= William R. White (United States Army officer) =

United States Army general

Brigadier General William Robert White (January 14, 1887 – March 5, 1975) was a United States Army officer who served in both World War I and World War II. Following a combat command in the first conflict, he transferred to the quartermaster corps and served in various capacities throughout the second war.

==Service history==
During World War I, General White commanded a company in the Fourth machine gun battalion, Second division. “In 1920 he transferred to the quartermaster corps and had held various positions in the war department and other important assignments.”
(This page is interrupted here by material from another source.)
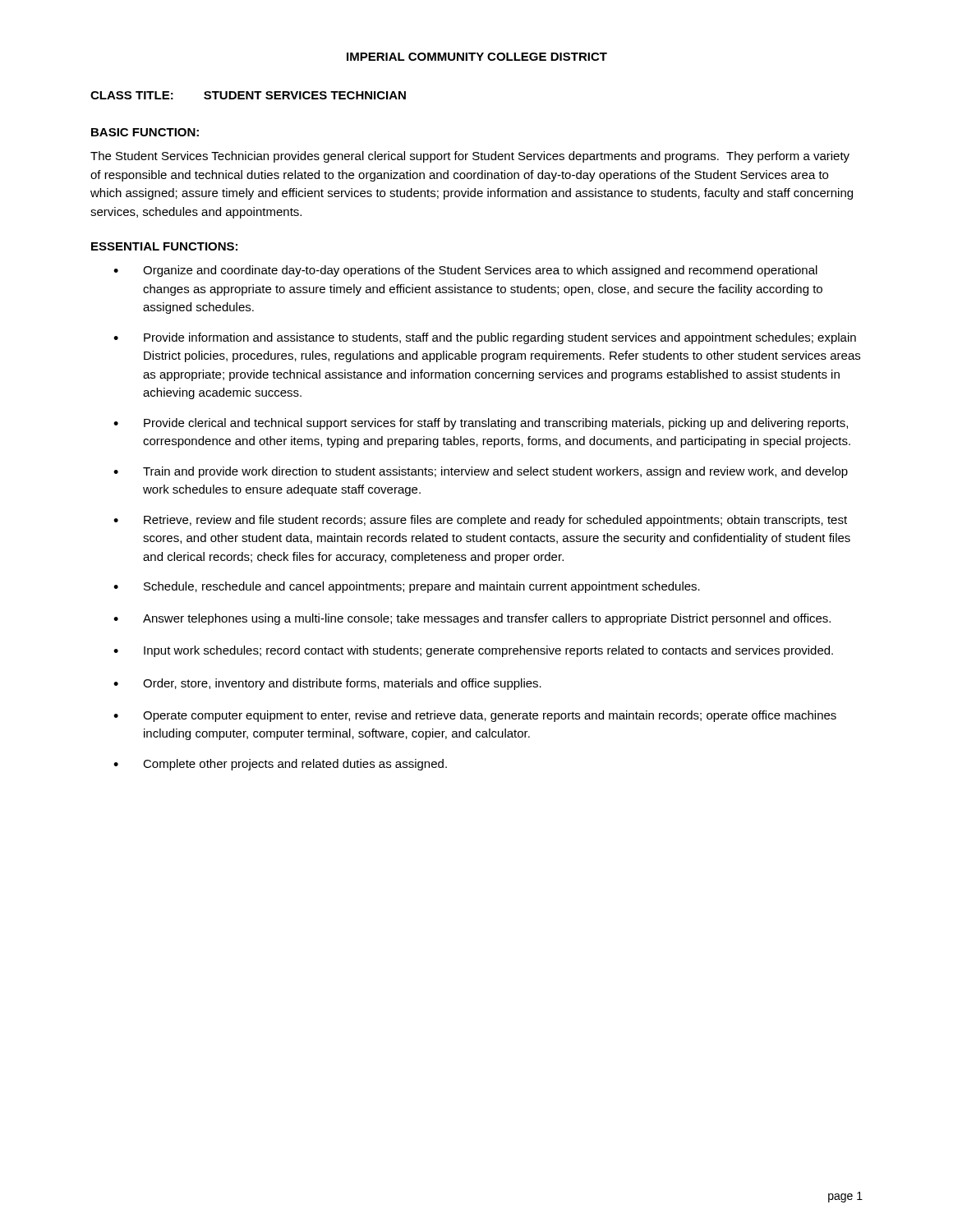This screenshot has height=1232, width=953.
Task: Find the title
Action: coord(476,56)

“Shortly after the attack on Pearl Harbor, General White was appointed director of food control for the civilian population of the Hawaiian islands by the military governor, which position he administered until the return to civilian control. In addition to this assignment he commanded the war dog training center in Honolulu, where dogs were trained as attack, warning, and undercover dogs for use in our combat areas.”
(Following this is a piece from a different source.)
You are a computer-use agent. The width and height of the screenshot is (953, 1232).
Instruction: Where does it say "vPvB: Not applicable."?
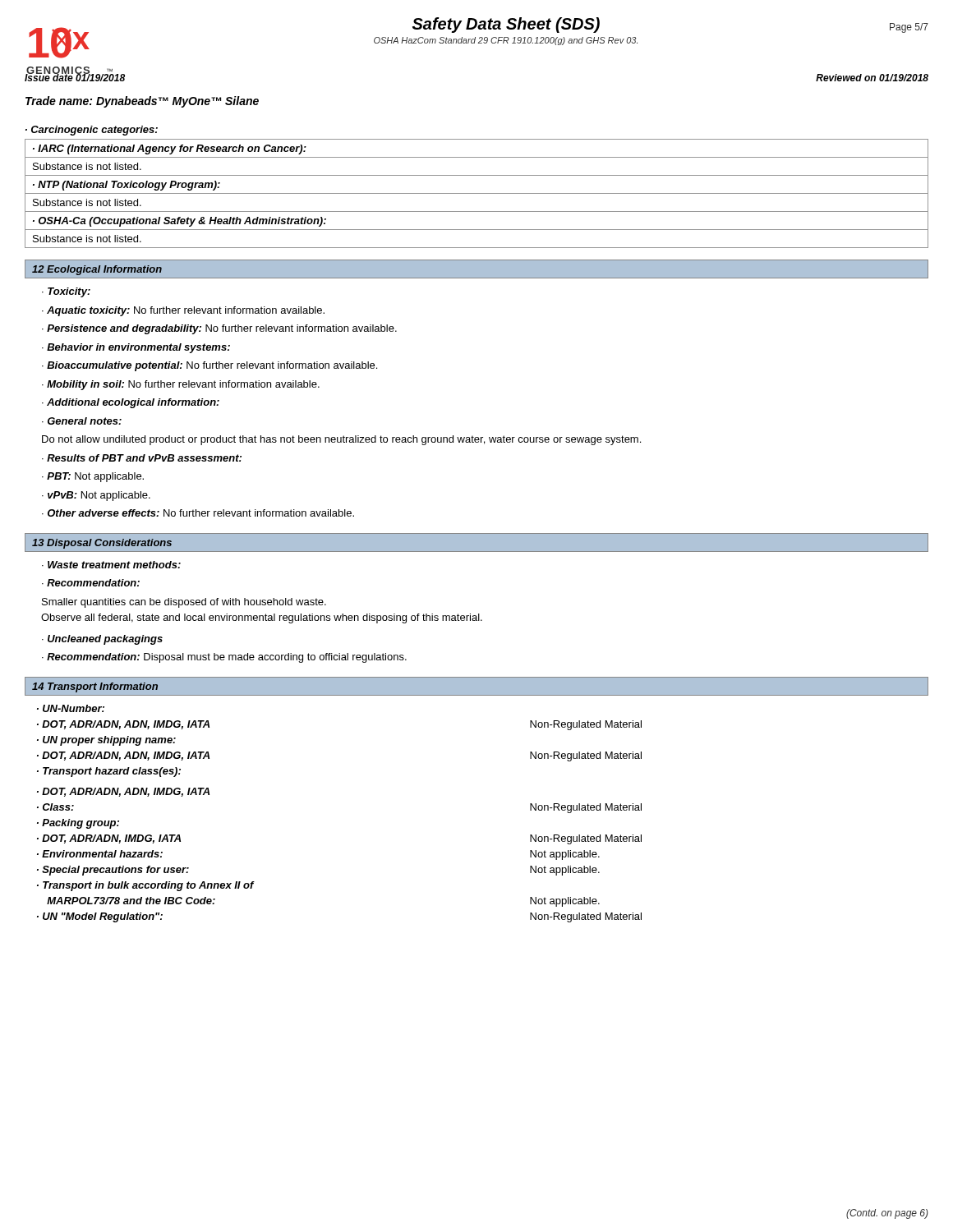pos(99,494)

In March 1944, General White took command of the Army’s quartermaster depot at Mira Loma, California, following a four-year tour of duty as quartermaster for the Army force in the central Pacific. He held this post through the end of the war in 1945.

==Education==
General White was a graduate of the command and general staff school at Fort Leavenworth, Kansas; the Army War College, Washington, D.C.; and the quartermaster corps school.

==Honours==
General White was decorated by the French government following World War I, and received the Legion of Merit for his work in the central Pacific area.